In an earlier post from 2021, I ran through a basic use case for an acoustic index called the Normalised Difference Soundscape Index (NDSI). For this instalment of the blog, I want to return to examining this acoustic index, examining how parameter setting can be important within the context of a given location.

If you’re not already familiar with this index, most of this post should still be understandable. However, if you’d like to know more about the origins of the index and the initial use case I conducted, then read this previous post.

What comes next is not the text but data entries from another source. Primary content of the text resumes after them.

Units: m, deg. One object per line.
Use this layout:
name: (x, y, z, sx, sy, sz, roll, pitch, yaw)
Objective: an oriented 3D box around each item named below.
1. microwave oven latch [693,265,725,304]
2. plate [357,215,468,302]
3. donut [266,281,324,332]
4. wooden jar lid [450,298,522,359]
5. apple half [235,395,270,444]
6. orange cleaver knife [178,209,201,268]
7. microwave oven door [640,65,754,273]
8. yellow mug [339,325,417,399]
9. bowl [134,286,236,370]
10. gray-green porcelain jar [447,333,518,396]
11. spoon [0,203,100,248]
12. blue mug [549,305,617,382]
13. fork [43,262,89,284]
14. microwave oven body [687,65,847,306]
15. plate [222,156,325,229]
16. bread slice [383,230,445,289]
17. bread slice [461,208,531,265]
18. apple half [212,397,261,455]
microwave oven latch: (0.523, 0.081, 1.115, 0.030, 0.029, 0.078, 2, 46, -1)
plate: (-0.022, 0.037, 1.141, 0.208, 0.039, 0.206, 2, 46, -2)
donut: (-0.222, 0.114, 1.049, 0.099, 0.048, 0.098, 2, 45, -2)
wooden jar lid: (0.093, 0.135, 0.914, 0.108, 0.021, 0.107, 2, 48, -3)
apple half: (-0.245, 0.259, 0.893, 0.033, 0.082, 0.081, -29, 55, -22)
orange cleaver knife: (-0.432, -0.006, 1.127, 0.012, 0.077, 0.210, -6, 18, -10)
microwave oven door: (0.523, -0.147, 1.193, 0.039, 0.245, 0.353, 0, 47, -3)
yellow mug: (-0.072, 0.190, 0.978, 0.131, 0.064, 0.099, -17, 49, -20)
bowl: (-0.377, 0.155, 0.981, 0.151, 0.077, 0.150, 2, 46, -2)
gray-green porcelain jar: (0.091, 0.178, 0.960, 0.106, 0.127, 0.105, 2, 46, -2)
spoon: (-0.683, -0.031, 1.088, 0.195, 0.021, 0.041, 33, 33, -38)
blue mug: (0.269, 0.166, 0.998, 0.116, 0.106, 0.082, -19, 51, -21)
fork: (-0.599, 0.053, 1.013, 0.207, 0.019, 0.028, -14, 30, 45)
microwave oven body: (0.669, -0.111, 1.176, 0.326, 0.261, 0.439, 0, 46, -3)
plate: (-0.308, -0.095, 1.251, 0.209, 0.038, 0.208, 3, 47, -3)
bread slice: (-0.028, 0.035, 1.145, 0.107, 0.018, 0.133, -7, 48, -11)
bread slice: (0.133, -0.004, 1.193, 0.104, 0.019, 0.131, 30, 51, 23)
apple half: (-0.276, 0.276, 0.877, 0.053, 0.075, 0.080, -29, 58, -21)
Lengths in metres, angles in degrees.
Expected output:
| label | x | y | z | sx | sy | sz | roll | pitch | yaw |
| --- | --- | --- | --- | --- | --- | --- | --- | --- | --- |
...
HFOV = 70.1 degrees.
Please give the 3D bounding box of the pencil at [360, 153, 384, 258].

In the initial exploration of the NDSI, I highlighted the parameters that can be set in the call to the functions, ndsi() and multiplesounds() contained in the R package, acousticecology. You may recall that the function ndsi() accepts one audio file as an input, whereas multiplesounds() accepts a directory path for many audio files.

# a single audio file
ndsi(soundfile, fft_w = 1024, anthro_min = 1000, anthro_max = 2000, bio_min = 2000, bio_max = 11000)

# many audio files
multiple_sounds(directory = "/home/user/wavs/", 
resultfile = "/home/user/results.csv", 
soundindex = "acoustic_complexity")

While ndsi() provides an ideal function for ‘snapshot’ observations, for the exploration of acoustic data trends over a time series and investigating potential correlations with covariates, multiplesounds() is a far more useful tool, especially in terms of its incorporation into an EDA workflow.

Many files, much time

In the preparation for this post I employed multiplesounds() to perform NDSI on thousands of minute-long audio files recorded at regular intervals over a five-week period. I thought that since I’m returning to an index already covered on the blog, it’s appropriate that I should return to a familiar site of observation: my balcony in the Adelaide suburb of Parkside.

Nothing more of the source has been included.